* **Problem statement**: The answer must consist only of the lines from the line with "by |. Units: m, deg." to the line with "List them from left to right.", both included, exactly as they stand below.

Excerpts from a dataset
************

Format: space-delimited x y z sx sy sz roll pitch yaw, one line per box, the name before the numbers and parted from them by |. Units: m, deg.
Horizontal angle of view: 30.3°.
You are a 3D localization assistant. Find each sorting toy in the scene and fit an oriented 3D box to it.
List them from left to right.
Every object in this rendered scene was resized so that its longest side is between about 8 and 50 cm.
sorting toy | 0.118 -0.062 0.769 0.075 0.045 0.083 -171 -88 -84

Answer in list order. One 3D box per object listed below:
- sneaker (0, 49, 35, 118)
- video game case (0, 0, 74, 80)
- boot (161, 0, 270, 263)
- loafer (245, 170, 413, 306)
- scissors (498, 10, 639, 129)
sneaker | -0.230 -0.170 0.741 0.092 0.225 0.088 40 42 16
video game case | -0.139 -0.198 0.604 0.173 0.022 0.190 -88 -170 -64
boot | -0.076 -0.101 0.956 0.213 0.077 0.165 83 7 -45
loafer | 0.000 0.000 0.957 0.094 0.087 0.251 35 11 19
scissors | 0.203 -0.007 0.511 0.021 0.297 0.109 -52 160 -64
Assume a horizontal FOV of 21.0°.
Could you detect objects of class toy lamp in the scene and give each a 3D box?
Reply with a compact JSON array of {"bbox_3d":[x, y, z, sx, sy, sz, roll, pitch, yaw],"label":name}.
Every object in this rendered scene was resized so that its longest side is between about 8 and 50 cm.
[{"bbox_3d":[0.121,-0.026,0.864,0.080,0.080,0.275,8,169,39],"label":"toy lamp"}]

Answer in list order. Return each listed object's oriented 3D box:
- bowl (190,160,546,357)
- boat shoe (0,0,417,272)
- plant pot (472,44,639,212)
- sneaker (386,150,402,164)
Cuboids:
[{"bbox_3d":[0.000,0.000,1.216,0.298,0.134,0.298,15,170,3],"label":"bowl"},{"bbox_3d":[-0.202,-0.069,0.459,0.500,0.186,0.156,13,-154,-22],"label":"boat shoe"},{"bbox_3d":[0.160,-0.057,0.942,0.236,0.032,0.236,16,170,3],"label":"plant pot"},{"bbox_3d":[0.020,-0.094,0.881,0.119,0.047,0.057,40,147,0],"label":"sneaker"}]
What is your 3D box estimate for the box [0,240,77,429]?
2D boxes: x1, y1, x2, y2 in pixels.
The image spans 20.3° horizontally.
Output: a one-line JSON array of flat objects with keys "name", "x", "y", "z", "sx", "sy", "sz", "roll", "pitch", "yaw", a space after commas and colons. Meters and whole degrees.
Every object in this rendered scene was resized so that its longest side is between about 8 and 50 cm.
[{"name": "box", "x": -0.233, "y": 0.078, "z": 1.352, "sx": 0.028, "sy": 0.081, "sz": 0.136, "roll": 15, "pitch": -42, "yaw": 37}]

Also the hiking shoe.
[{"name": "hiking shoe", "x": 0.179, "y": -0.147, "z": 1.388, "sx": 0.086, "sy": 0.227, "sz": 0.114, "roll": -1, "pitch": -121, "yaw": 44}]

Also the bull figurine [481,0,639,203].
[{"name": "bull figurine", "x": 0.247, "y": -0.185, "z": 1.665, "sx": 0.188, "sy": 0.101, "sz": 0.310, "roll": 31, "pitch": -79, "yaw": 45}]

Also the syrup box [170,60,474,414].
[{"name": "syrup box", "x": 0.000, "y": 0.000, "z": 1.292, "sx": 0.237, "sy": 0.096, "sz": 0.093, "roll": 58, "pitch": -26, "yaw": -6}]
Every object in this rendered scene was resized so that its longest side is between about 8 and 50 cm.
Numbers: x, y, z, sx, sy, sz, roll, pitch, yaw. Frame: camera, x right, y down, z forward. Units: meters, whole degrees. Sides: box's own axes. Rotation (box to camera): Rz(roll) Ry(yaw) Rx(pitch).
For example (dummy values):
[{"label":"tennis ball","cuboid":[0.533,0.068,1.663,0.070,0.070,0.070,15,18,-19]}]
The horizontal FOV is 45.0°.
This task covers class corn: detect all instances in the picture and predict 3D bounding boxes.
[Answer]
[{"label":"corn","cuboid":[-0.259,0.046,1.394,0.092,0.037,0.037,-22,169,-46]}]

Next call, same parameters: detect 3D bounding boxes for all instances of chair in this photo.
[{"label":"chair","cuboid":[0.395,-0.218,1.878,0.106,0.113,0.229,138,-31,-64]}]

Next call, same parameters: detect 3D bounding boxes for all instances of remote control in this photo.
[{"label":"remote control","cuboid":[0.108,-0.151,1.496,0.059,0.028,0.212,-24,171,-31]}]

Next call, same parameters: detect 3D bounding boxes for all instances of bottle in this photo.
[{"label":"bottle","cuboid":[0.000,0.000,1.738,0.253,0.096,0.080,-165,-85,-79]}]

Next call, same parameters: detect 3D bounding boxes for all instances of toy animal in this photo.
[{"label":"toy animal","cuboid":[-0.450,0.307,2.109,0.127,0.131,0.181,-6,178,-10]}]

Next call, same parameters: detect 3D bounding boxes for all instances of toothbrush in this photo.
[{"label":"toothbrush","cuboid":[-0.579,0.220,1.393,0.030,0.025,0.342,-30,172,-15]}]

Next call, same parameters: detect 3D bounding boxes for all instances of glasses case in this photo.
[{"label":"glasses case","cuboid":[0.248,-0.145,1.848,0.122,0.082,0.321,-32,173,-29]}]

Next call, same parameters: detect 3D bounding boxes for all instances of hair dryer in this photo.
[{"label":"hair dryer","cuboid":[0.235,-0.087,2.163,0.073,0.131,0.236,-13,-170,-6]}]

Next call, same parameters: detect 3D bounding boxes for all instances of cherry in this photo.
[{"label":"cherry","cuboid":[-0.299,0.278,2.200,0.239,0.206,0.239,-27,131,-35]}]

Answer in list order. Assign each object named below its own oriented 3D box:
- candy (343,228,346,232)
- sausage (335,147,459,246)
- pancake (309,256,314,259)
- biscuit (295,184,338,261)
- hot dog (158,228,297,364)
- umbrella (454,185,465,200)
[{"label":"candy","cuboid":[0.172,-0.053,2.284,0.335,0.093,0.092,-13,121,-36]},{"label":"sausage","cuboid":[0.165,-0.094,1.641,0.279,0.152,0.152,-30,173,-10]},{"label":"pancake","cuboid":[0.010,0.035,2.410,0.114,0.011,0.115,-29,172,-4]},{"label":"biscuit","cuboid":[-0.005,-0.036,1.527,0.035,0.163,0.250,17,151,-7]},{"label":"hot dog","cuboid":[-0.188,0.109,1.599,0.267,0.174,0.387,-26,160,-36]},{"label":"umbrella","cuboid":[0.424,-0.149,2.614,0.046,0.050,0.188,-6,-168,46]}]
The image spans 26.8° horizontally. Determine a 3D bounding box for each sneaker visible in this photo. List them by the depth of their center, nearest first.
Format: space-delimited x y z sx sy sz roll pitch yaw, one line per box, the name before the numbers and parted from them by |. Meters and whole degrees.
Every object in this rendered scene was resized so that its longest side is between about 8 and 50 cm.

************

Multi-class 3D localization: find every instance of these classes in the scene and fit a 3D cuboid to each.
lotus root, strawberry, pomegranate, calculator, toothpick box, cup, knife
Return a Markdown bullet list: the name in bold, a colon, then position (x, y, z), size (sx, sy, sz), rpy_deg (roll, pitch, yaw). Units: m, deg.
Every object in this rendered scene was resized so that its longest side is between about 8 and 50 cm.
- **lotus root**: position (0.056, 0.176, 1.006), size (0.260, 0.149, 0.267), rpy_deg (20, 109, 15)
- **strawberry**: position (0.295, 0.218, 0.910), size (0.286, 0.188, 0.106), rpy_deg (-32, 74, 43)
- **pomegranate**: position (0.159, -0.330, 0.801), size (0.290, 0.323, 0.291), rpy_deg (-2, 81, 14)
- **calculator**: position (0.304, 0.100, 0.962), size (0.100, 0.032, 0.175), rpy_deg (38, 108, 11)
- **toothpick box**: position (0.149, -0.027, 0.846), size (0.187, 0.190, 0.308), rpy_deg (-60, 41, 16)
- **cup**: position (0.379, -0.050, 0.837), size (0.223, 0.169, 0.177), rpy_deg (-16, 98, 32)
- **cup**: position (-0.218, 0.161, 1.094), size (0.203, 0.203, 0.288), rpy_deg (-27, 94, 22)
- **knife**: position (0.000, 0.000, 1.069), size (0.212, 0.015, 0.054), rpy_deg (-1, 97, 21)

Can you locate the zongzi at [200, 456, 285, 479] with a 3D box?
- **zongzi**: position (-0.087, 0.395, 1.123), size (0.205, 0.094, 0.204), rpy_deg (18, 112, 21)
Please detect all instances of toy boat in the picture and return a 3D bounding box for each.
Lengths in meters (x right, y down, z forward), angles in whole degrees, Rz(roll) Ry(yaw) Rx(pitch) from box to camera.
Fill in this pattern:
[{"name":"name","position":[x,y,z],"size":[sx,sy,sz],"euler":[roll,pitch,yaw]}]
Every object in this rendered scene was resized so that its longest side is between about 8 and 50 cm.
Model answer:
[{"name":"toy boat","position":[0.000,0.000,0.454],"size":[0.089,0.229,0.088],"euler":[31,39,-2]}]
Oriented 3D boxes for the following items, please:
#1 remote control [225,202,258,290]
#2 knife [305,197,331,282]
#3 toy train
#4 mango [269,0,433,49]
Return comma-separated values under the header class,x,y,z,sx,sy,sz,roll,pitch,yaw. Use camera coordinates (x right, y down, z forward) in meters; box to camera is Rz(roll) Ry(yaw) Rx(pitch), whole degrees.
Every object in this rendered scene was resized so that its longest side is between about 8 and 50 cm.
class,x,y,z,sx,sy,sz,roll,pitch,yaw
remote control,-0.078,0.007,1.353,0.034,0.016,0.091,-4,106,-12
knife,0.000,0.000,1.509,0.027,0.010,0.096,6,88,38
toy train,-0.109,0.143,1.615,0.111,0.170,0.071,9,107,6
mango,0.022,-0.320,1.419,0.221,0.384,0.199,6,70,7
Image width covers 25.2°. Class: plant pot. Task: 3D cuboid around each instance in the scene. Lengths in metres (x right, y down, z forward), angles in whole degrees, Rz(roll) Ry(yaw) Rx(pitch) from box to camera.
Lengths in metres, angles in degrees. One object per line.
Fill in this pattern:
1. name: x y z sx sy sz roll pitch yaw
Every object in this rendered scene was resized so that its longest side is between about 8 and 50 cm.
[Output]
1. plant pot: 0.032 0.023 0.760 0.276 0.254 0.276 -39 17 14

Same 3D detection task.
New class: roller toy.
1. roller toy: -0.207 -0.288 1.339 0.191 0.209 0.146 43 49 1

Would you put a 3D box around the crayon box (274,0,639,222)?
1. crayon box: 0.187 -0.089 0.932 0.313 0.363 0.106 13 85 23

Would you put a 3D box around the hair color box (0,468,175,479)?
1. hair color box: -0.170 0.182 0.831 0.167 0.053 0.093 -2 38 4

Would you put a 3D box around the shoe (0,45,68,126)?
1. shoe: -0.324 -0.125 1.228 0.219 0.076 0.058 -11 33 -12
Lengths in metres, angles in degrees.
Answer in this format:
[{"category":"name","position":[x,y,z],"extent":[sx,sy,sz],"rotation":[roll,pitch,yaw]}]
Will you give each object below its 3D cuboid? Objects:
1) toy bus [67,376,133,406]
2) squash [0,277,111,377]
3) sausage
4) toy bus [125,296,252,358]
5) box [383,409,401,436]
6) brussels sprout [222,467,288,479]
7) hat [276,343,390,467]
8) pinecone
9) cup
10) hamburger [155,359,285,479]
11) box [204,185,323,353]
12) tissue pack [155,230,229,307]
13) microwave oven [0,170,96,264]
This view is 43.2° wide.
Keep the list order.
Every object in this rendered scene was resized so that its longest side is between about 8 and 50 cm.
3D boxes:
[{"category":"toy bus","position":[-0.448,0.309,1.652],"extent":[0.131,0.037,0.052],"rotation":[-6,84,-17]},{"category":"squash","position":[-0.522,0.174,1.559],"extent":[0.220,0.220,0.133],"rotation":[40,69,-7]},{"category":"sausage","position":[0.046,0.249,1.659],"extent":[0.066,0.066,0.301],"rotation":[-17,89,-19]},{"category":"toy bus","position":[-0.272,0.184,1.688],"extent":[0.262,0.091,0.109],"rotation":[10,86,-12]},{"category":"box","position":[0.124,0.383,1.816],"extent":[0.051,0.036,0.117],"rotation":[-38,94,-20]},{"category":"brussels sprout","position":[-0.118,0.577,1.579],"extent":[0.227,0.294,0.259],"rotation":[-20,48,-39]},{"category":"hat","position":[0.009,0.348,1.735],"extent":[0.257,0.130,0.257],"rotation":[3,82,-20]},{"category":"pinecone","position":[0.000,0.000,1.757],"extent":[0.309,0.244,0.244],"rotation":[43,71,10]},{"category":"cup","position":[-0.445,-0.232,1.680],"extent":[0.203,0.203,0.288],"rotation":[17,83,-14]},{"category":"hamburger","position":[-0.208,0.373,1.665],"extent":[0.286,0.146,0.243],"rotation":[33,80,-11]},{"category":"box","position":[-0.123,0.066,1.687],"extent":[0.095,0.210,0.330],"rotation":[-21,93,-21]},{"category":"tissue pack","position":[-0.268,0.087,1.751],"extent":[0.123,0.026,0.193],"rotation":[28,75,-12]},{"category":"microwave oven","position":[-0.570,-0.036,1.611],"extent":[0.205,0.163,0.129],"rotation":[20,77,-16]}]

************

* **The completed task**:
Format: space-delimited x y z sx sy sz roll pitch yaw, one line per box, the name before the numbers and parted from them by |. Units: m, deg.
Horizontal angle of view: 30.3°.
You are a 3D localization assistant. Find each sorting toy in the scene and fit an oriented 3D box to it.
List them from left to right.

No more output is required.